Let $A$ be real symmetric $n\times n$ matrix whose only eigenvalues are 0 and 1. Pick out the true statements. Let $A$ be real symmetric $n\times n$ matrix whose only eigenvalues are $0$ and $1$. Let the dimension of the null space of $A-I$ be $m$. Pick out the true statements.

  
*
  
*The characteristic  polynomial of $A$ is $(\lambda-1)^m(\lambda)^{m-n}$.
  
*$A^k = A^{k+1}$
  
*The rank of $A$ is $m$.

This is what I did: I found geometric multiplicity corresponding to eigenvalue value $0$ to be $n-m$(using symmetric matrix is diagonalizable ) while geometric multiplicity of  eigenvalue value 1 is $m$(that is given) .so the characteristic polynomial of $A$ should be $(\lambda-1)^m(\lambda)^{n-m}$. While I am not sure about other two statements. Any kind of help is highly appreciated. Thanks.
 A: As you noticed, since $A$ is a real symmetric matrix, it is diagonalizable, and the properties satisfied (or not) by $A$ will be satisfied also by $D$, where $D$ is a diagonal matrix which consists of the eigenvalues of $A$. 
Indeed, $\dim\ker(A-I)$ and characteristic polynomial are invariant up a change of basis. To see that, write $A=P^{-1}DP$, and $\ker(A-I)=\ker(D-I)$, as it can be seen by a double inclusion. For the characteristic polynomial, use determinant for example. 


*

*The first is true if we switch $m$ and $n$ in the power of $\lambda$, namely $p_A(\lambda)=(\lambda-1)^m\lambda^{n-m}$, otherwise the degree would be $2m-n$, which is not $m$, except in the case $m=n$. 

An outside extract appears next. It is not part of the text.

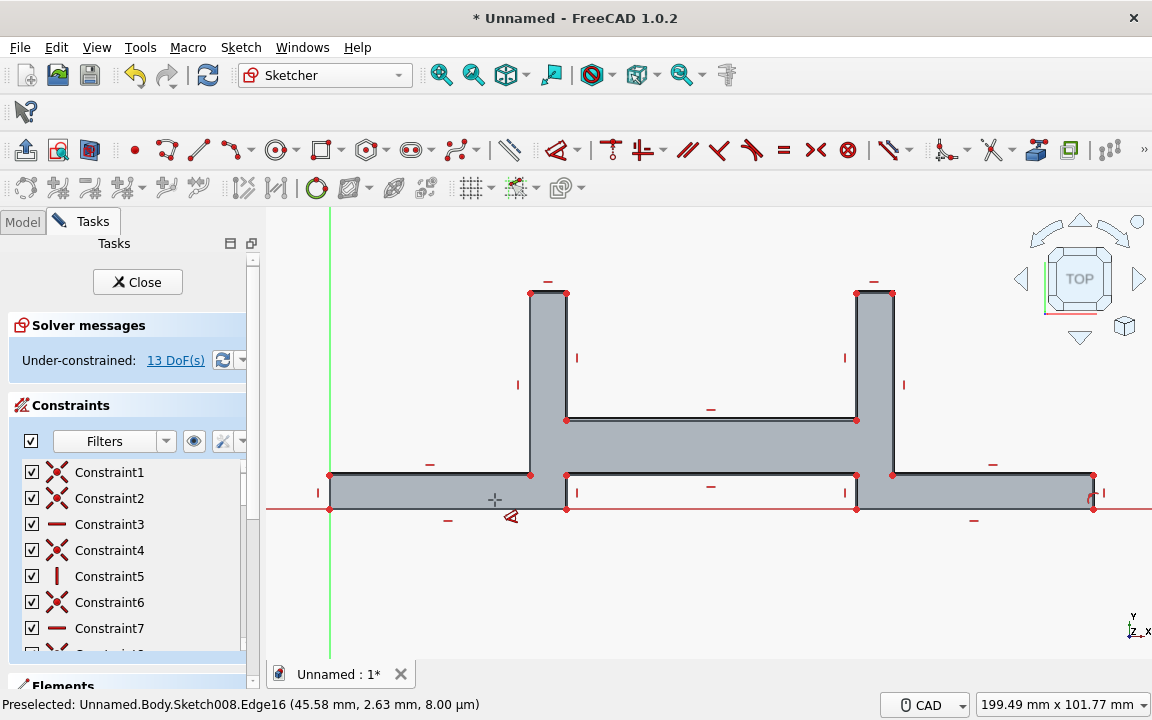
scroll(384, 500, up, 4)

*The second is false if $k=0$ unless $A=I$, but true for $k\geq 1$.

*The third is also true. Indeed, we look at the rank of $A$ is the same as the rank of $D$, and the rank of a diagonal matrix is easy to determine.  

A: To answer 2 and 3, consider diagonalizing $A$. And note that it is enough to show 2 for $k=1$.